Another area that is important to discuss is the selection of data that enabled these predictions. The authors considered the use of real operational data, but they selected the well-established N-CMAPSS database for a number of reasons. First, the globally acknowledged quality of this database ensures that the results are not compromised by data quality issues, so the conclusions can be interpreted only from the perspective of the predictive capabilities of the method. Second, the deterioration modes introduced by the different employed datasets (DS01, DS03, and DS08a) mean that the predictive capabilities of the method can also be tested in controlled conditions that take into consideration the physical evolution of engine degradation. Moreover, the increasing complexity of the datasets allows for a comparison of the accuracy of the predictions based on the complexity of the simulated operating points.

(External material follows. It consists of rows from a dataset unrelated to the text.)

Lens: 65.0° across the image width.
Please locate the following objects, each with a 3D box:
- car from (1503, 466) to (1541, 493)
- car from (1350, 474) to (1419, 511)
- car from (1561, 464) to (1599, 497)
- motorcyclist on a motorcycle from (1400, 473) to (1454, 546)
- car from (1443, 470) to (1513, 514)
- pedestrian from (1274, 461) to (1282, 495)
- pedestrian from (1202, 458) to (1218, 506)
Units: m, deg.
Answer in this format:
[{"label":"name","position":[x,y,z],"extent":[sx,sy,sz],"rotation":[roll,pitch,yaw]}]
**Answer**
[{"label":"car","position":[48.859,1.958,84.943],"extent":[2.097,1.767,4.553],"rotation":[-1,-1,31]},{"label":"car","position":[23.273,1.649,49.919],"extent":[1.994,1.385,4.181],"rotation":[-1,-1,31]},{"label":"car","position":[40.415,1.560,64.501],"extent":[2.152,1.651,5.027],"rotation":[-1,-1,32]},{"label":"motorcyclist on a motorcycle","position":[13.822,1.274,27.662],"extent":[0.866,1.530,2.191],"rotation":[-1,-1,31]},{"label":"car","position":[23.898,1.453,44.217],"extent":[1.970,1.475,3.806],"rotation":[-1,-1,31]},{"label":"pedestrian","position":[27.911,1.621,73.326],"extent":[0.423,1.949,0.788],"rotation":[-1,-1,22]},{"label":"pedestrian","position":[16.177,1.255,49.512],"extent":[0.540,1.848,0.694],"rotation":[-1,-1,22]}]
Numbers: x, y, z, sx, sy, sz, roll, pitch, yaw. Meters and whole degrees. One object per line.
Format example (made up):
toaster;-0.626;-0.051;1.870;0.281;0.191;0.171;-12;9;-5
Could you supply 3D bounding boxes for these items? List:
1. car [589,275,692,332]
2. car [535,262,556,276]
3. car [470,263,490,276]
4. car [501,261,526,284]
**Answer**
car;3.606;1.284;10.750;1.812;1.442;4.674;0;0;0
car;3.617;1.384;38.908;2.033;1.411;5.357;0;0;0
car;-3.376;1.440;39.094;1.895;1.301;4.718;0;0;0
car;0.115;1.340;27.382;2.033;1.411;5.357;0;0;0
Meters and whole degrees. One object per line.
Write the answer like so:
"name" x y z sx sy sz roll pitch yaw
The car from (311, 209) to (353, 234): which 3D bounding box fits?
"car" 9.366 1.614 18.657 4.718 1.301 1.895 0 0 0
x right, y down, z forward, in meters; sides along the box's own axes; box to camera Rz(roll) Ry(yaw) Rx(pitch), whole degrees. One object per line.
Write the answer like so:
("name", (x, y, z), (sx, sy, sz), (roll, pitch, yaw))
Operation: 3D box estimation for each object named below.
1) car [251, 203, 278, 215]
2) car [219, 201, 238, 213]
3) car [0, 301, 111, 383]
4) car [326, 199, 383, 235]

A final objective of such methods is the building of trust in predictions made by ML algorithms. The transparency of the GAM as an algorithm, in combination with the accuracy of the obtained results, gives a first indication that trustworthiness can be ensured only if trusted data and a suitable algorithm are combined. This is a first step towards certifiable artificial intelligence for aeronautical applications. A very important element of this roadmap is data quality considerations, as presented in this work as well. A main point here is that data quality is not static; it depends on the desired application and outcome. For example, a dataset might be biased by definition, but if the objective of the application is to be used for the training of an algorithm that focuses only on a specific range within the operational design domain, then this might not be a problem. However, the development of such methods requires an excellent understanding of the problem and its applications so lack of bias, completeness, representativeness and traceability can be ensured to the degree that they satisfy the problem requirements.
To summarise, despite the highly encouraging results, future research could focus on the expansion of the prediction horizon. It can also include input from other databases, either synthetic or real ones. Moreover, different combinations of features can be examined in order to emulate different faults in engine parameter measurement in real conditions. Lastly, the trustworthiness considerations of the method can be expanded by detailed research of the employed real datasets, so any shortcomings are always revealed, discussed, and addressed from the perspective of AI certifiability.